Olímpio Mourão Filho (9 May 1900 – 28 May 1972) was a Brazilian military officer known as the author of the Cohen Plan, a document used to justify the Estado Novo coup in 1937, and, ahead of the 4th Military Region/Infantry Division, as a precipitator of the 1964 coup d'état. He reached the rank of army general and ended his career presiding over the Superior Military Court from 1967 to 1969.

As head of the secret service of the Brazilian Integralist Action, under orders from Plínio Salgado, he wrote the script for a takeover of power by the communists. In the hands of the government, the text was disclosed and falsely attributed to the Communist International as a real insurrection plan, thus justifying the adoption of dictatorial powers by Getúlio Vargas. Accusations of having served to implement the Estado Novo harmed his career and created lasting distrust among other officers, even though he was acquitted in an Army Justification Council in 1955.

He served in the logistics of the Brazilian Expeditionary Force and worked in telecommunications in the government of Juscelino Kubitschek. After defending the inauguration of João Goulart in the Presidency in 1961, in the following years he considered Goulart a threat to the political system and conspired for his overthrow while serving in Santa Maria, Rio Grande do Sul, São Paulo and Juiz de Fora, Minas Gerais. He claimed to have constituted the "greatest conspiracy in the Americas", but his articulations were only one part of the conspiracy activity and other conspirators sought to control him. In Minas Gerais, he had as allies his subordinate, general Carlos Luís Guedes, and governor Magalhães Pinto. He carried out Goulart's deposition when, before the date foreseen by the other conspirators, he moved his 4th Infantry Division from Minas Gerais in Operation Popeye, initiating the coup.

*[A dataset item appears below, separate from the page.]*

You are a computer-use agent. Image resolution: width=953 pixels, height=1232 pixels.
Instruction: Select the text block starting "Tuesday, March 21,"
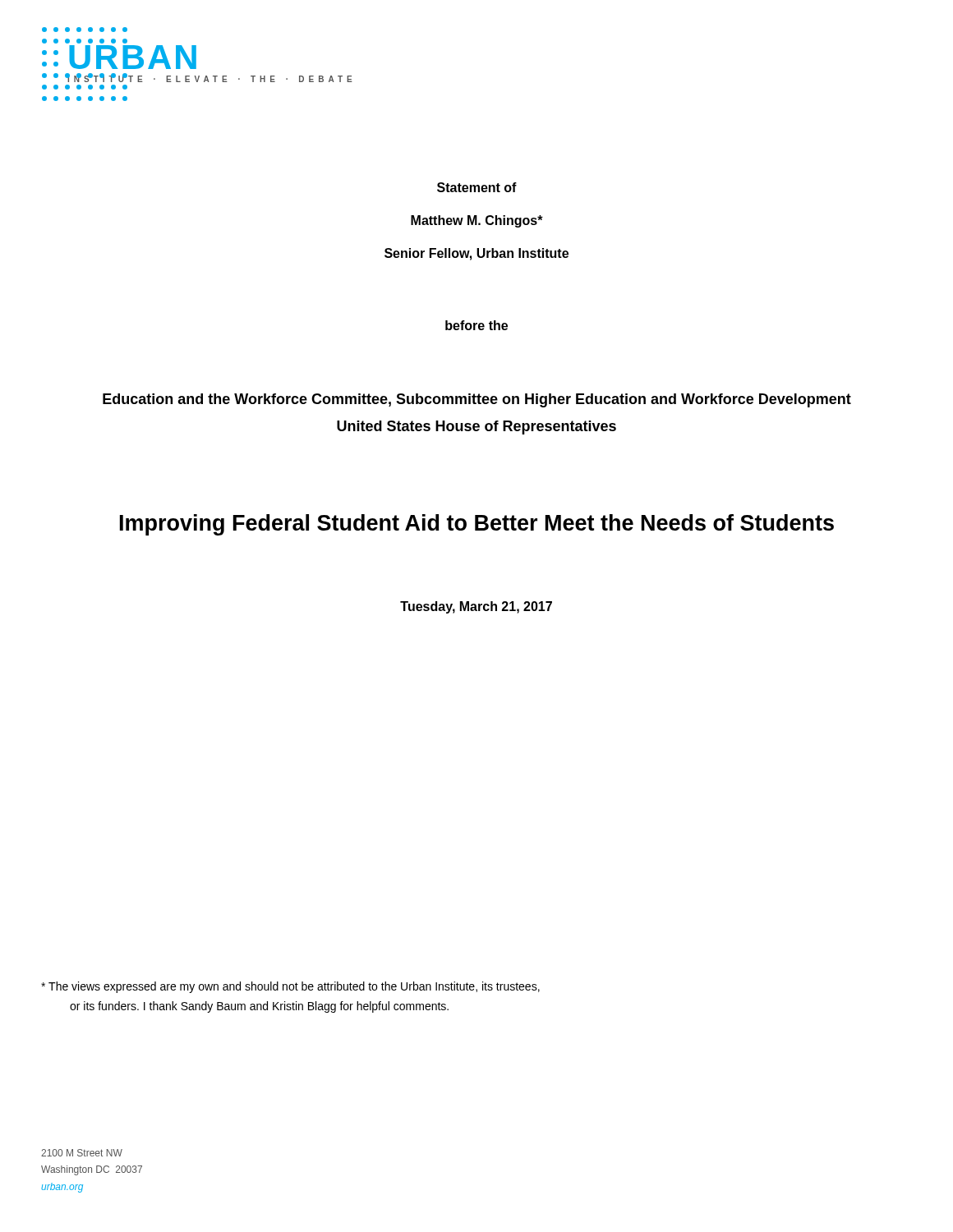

His role in the continuation and victory of the coup was minor. In the resulting military dictatorship, he was sidelined from positions of power by the other coup leaders and relegated to the position of justice of the Superior Military Court. During the dictatorship, he criticized the governments of Castelo Branco and Costa e Silva, having an erratic political position, at first a hard-line and later critical of authoritarianism. In 1979, years after his death, the publication of his memoirs by journalist Hélio Silva created great controversy, as they harshly attacked the other military officers.

Biography

Personal life 
The son of Olímpio Júlio de Oliveira Mourão, deputy and state senator, and Mariana Correia Rebelo Mourão, a full teacher at the Normal School of Diamantina, Mourão Filho attended the Diocesan College of the city until he was expelled. He abandoned the study of engineering in Belo Horizonte to enroll in the Military School of Realengo in Rio de Janeiro, in April 1918. His father, an important situationist politician in Diamantina, helped Juscelino Kubitschek start his political career in the city.

He had two daughters with Almira Linhares Mourão, who died on 6 July 1955. He later married Maria Tavares Bastos. His daughter Laurita Mourão (born 1926) worked at the Ministry of Foreign Affairs and published several books, including Mourão, o General do Pijama Vermelho (2002) about her father. It says he was misunderstood in 1937 (“he was scapegoated and deceived”) and in 1964 (“he was never in favor of closing Congress”). 

His pipe-smoking habit was reflected in the name of Operation Popeye.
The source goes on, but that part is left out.